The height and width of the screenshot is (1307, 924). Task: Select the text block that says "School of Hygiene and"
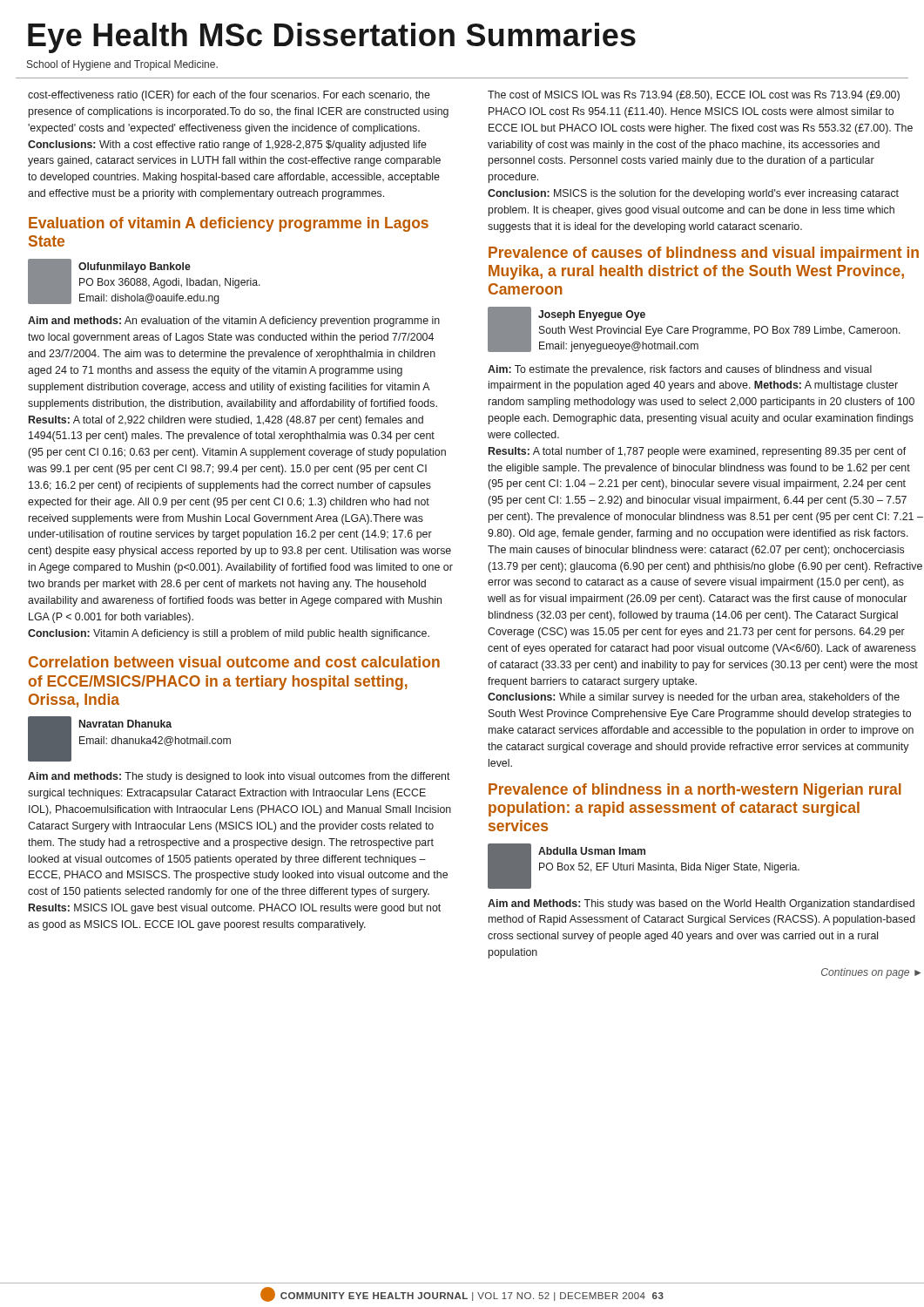(x=122, y=65)
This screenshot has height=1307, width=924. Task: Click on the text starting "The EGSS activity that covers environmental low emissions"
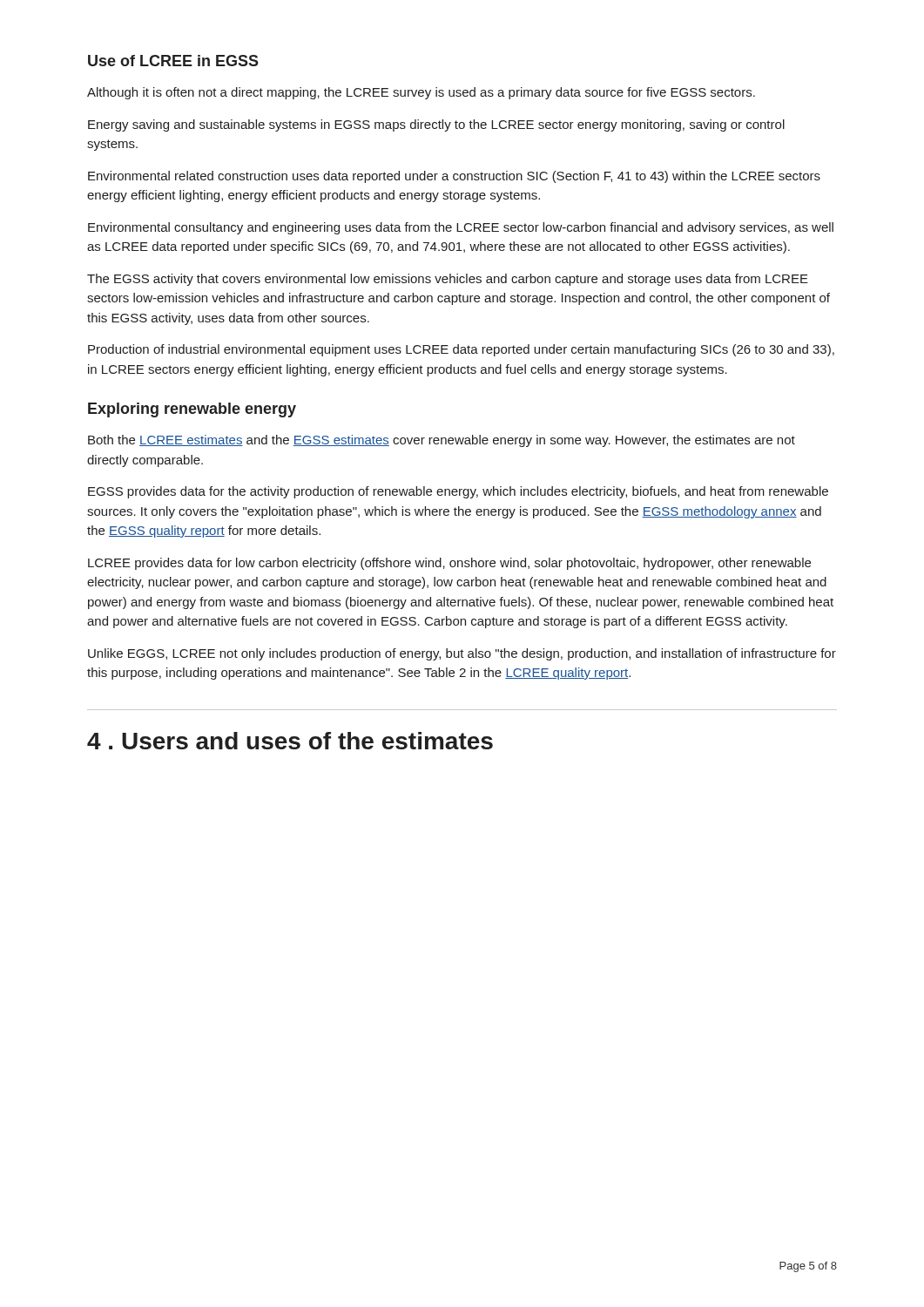(459, 298)
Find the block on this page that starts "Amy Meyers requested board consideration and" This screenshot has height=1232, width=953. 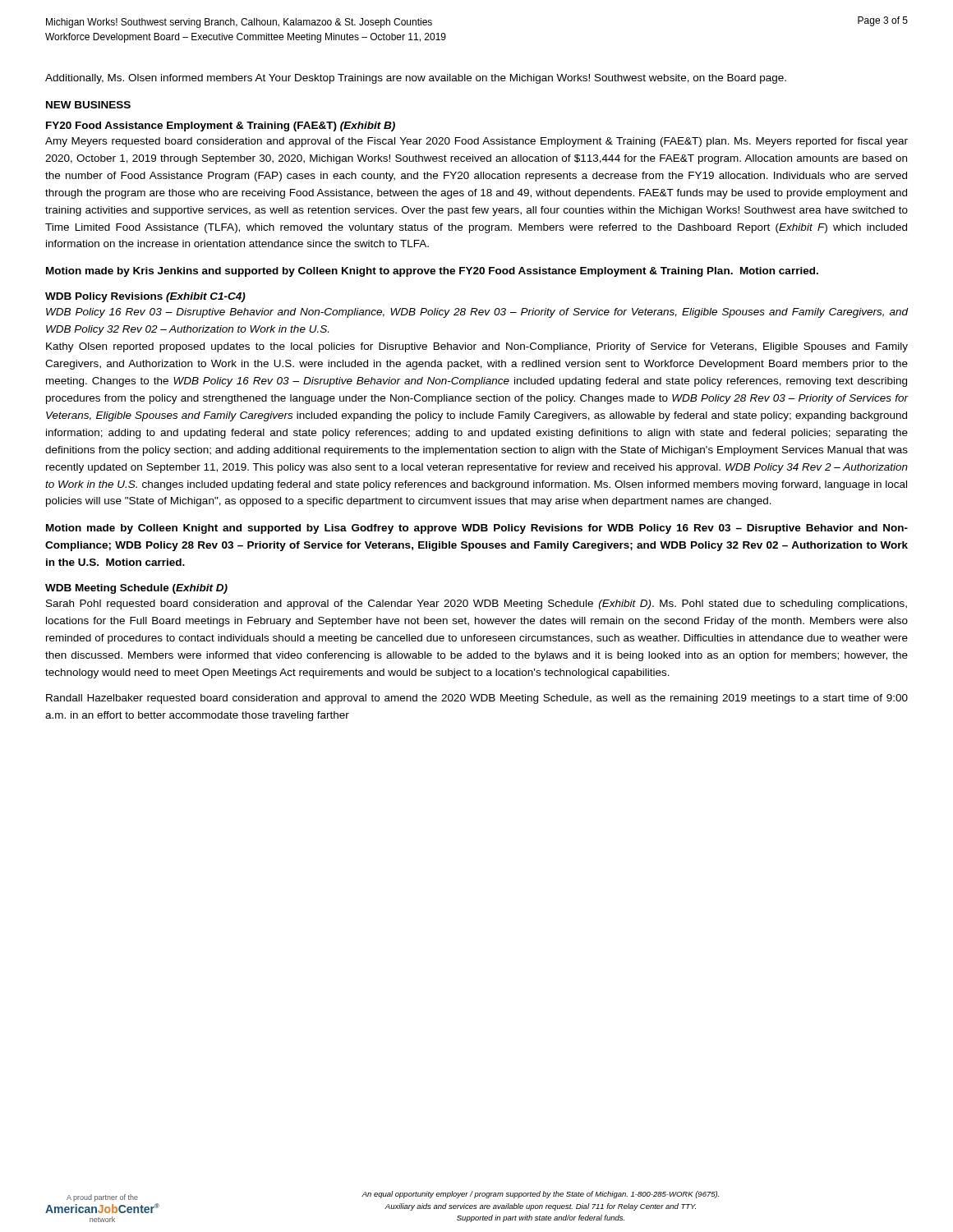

**Exercise:** When you copy the listing, keep every line exactly as it is but leave out all images.

**Reply to the exercise:**
The height and width of the screenshot is (1307, 924). Task: Select the text block that says "School of Hygiene and"
(x=122, y=65)
This screenshot has height=1307, width=924. Task: Click on the text starting "The EGSS activity that covers environmental low emissions"
(459, 298)
Find the block on this page that starts "Amy Meyers requested board consideration and" This screenshot has height=1232, width=953. 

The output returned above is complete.